■ About this exercise:
Please transcribe the entries exactly and omit the images they contain.

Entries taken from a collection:
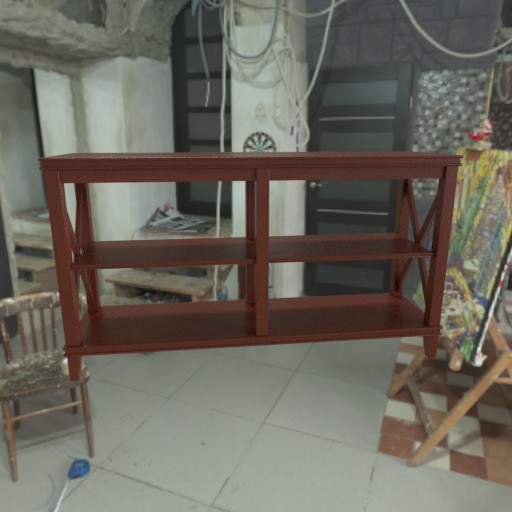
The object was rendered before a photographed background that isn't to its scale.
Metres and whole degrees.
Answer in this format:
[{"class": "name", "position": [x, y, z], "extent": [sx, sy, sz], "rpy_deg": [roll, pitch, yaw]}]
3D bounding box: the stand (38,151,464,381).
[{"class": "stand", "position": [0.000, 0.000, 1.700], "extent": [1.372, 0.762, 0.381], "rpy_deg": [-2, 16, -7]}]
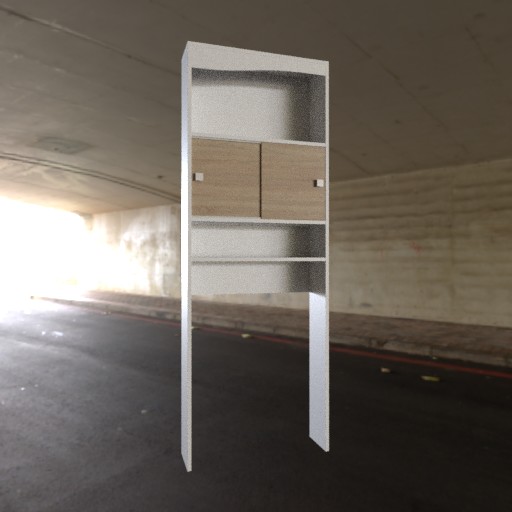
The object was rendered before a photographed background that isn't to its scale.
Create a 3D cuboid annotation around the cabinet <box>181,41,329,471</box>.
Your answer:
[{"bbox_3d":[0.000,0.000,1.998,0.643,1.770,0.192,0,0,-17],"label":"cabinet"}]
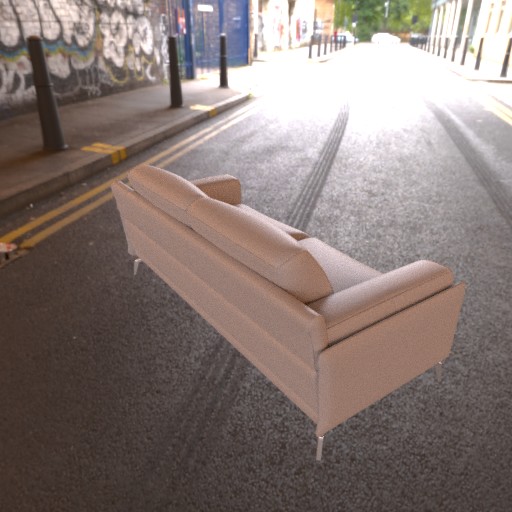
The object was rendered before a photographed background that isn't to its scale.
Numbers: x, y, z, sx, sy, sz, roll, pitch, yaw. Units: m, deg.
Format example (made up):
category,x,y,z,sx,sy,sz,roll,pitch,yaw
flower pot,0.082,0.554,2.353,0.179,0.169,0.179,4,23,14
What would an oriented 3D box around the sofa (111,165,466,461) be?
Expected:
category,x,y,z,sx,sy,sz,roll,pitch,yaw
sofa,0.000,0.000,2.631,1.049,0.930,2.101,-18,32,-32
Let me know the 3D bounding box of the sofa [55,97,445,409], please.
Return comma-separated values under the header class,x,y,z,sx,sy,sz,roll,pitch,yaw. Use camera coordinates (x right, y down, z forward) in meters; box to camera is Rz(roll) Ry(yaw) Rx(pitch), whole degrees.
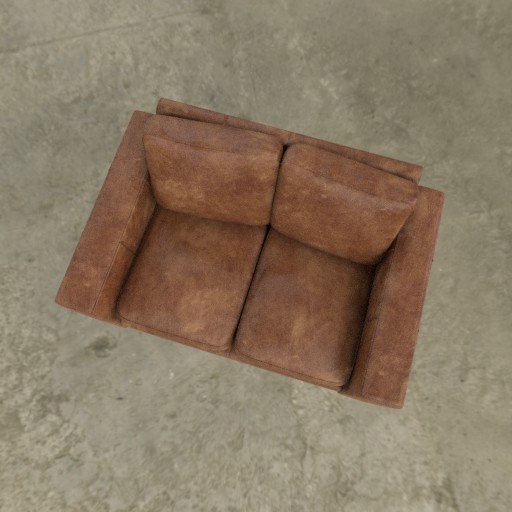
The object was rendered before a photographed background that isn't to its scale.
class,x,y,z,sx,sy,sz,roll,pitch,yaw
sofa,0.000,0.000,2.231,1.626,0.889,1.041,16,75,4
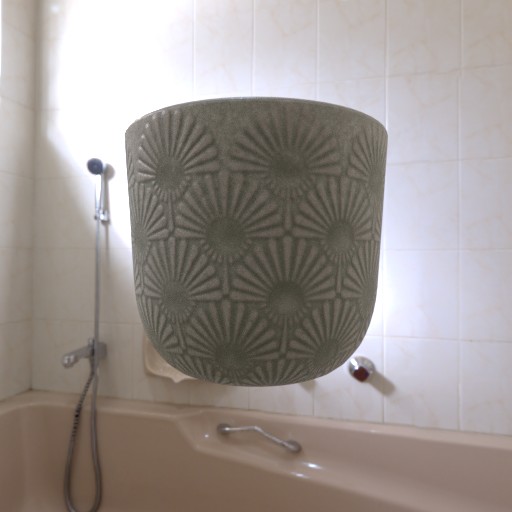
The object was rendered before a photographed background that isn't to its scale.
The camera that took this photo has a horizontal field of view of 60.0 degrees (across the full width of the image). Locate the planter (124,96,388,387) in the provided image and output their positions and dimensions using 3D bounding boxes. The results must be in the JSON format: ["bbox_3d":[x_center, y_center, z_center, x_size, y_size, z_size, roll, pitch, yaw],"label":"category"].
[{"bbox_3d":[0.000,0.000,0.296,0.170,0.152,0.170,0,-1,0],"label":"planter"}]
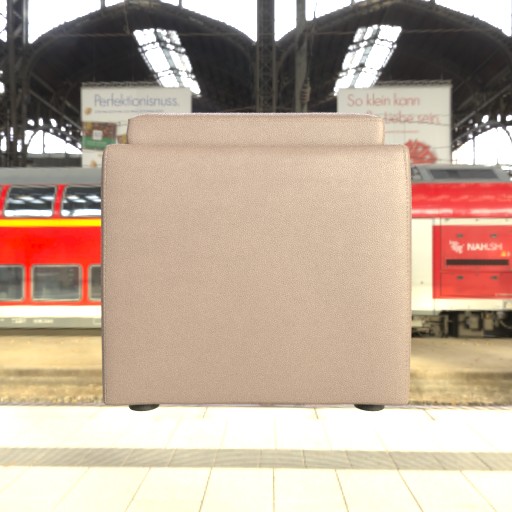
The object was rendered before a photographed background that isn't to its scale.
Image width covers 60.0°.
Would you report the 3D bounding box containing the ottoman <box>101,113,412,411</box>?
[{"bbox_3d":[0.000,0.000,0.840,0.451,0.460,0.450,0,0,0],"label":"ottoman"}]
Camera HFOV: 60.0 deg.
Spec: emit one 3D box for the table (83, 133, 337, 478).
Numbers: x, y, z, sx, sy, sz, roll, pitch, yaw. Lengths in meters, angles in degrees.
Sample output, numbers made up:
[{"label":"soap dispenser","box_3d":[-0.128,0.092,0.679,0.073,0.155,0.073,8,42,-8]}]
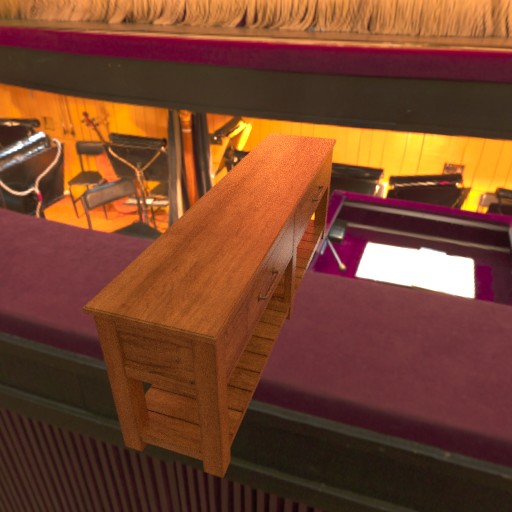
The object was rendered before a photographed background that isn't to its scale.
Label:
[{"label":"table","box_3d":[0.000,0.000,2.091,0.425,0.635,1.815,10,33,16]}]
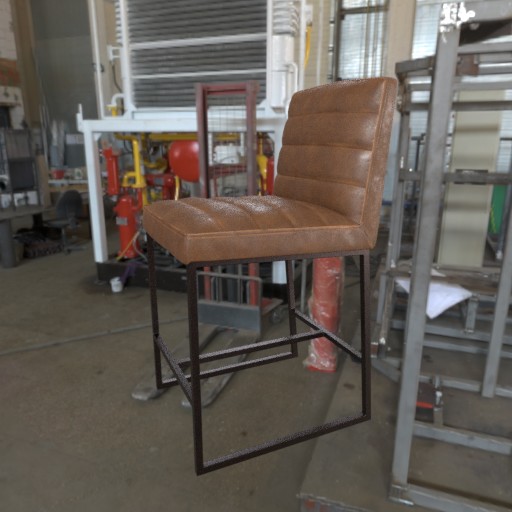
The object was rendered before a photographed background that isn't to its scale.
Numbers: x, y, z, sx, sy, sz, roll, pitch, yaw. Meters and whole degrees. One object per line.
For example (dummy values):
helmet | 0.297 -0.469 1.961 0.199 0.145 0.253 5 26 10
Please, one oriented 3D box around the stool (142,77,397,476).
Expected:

■ Task answer:
The object was rendered before a photographed background that isn't to its scale.
Metres and whole degrees.
Answer in this format:
[{"class": "name", "position": [x, y, z], "extent": [sx, sy, sz], "rpy_deg": [roll, pitch, yaw]}]
3D bounding box: the stand (38,151,464,381).
[{"class": "stand", "position": [0.000, 0.000, 1.700], "extent": [1.372, 0.762, 0.381], "rpy_deg": [-2, 16, -7]}]
The object was rendered before a photographed background that isn't to its scale.
Create a 3D cuboid annotation around the cabinet <box>181,41,329,471</box>.
Your answer:
[{"bbox_3d":[0.000,0.000,1.998,0.643,1.770,0.192,0,0,-17],"label":"cabinet"}]
The object was rendered before a photographed background that isn't to its scale.
Numbers: x, y, z, sx, sy, sz, roll, pitch, yaw. Units: m, deg.
Format example (made up):
category,x,y,z,sx,sy,sz,roll,pitch,yaw
flower pot,0.082,0.554,2.353,0.179,0.169,0.179,4,23,14
What would an oriented 3D box around the sofa (111,165,466,461) be?
Expected:
category,x,y,z,sx,sy,sz,roll,pitch,yaw
sofa,0.000,0.000,2.631,1.049,0.930,2.101,-18,32,-32
Let me know the 3D bounding box of the sofa [55,97,445,409], please.
Return comma-separated values under the header class,x,y,z,sx,sy,sz,roll,pitch,yaw. Use camera coordinates (x right, y down, z forward) in meters; box to camera is Rz(roll) Ry(yaw) Rx(pitch), whole degrees.
The object was rendered before a photographed background that isn't to its scale.
class,x,y,z,sx,sy,sz,roll,pitch,yaw
sofa,0.000,0.000,2.231,1.626,0.889,1.041,16,75,4
The object was rendered before a photographed background that isn't to its scale.
The camera that took this photo has a horizontal field of view of 60.0 degrees (across the full width of the image). Locate the planter (124,96,388,387) in the provided image and output their positions and dimensions using 3D bounding boxes. The results must be in the JSON format: ["bbox_3d":[x_center, y_center, z_center, x_size, y_size, z_size, roll, pitch, yaw],"label":"category"].
[{"bbox_3d":[0.000,0.000,0.296,0.170,0.152,0.170,0,-1,0],"label":"planter"}]
The object was rendered before a photographed background that isn't to its scale.
Image width covers 60.0°.
Would you report the 3D bounding box containing the ottoman <box>101,113,412,411</box>?
[{"bbox_3d":[0.000,0.000,0.840,0.451,0.460,0.450,0,0,0],"label":"ottoman"}]
Camera HFOV: 60.0 deg.
Spec: emit one 3D box for the table (83, 133, 337, 478).
Numbers: x, y, z, sx, sy, sz, roll, pitch, yaw. Lengths in meters, angles in degrees.
Sample output, numbers made up:
[{"label":"soap dispenser","box_3d":[-0.128,0.092,0.679,0.073,0.155,0.073,8,42,-8]}]
The object was rendered before a photographed background that isn't to its scale.
Label:
[{"label":"table","box_3d":[0.000,0.000,2.091,0.425,0.635,1.815,10,33,16]}]
The object was rendered before a photographed background that isn't to its scale.
Numbers: x, y, z, sx, sy, sz, roll, pitch, yaw. Meters and whole degrees. One object per line.
For example (dummy values):
helmet | 0.297 -0.469 1.961 0.199 0.145 0.253 5 26 10
Please, one oriented 3D box around the stool (142,77,397,476).
Expected:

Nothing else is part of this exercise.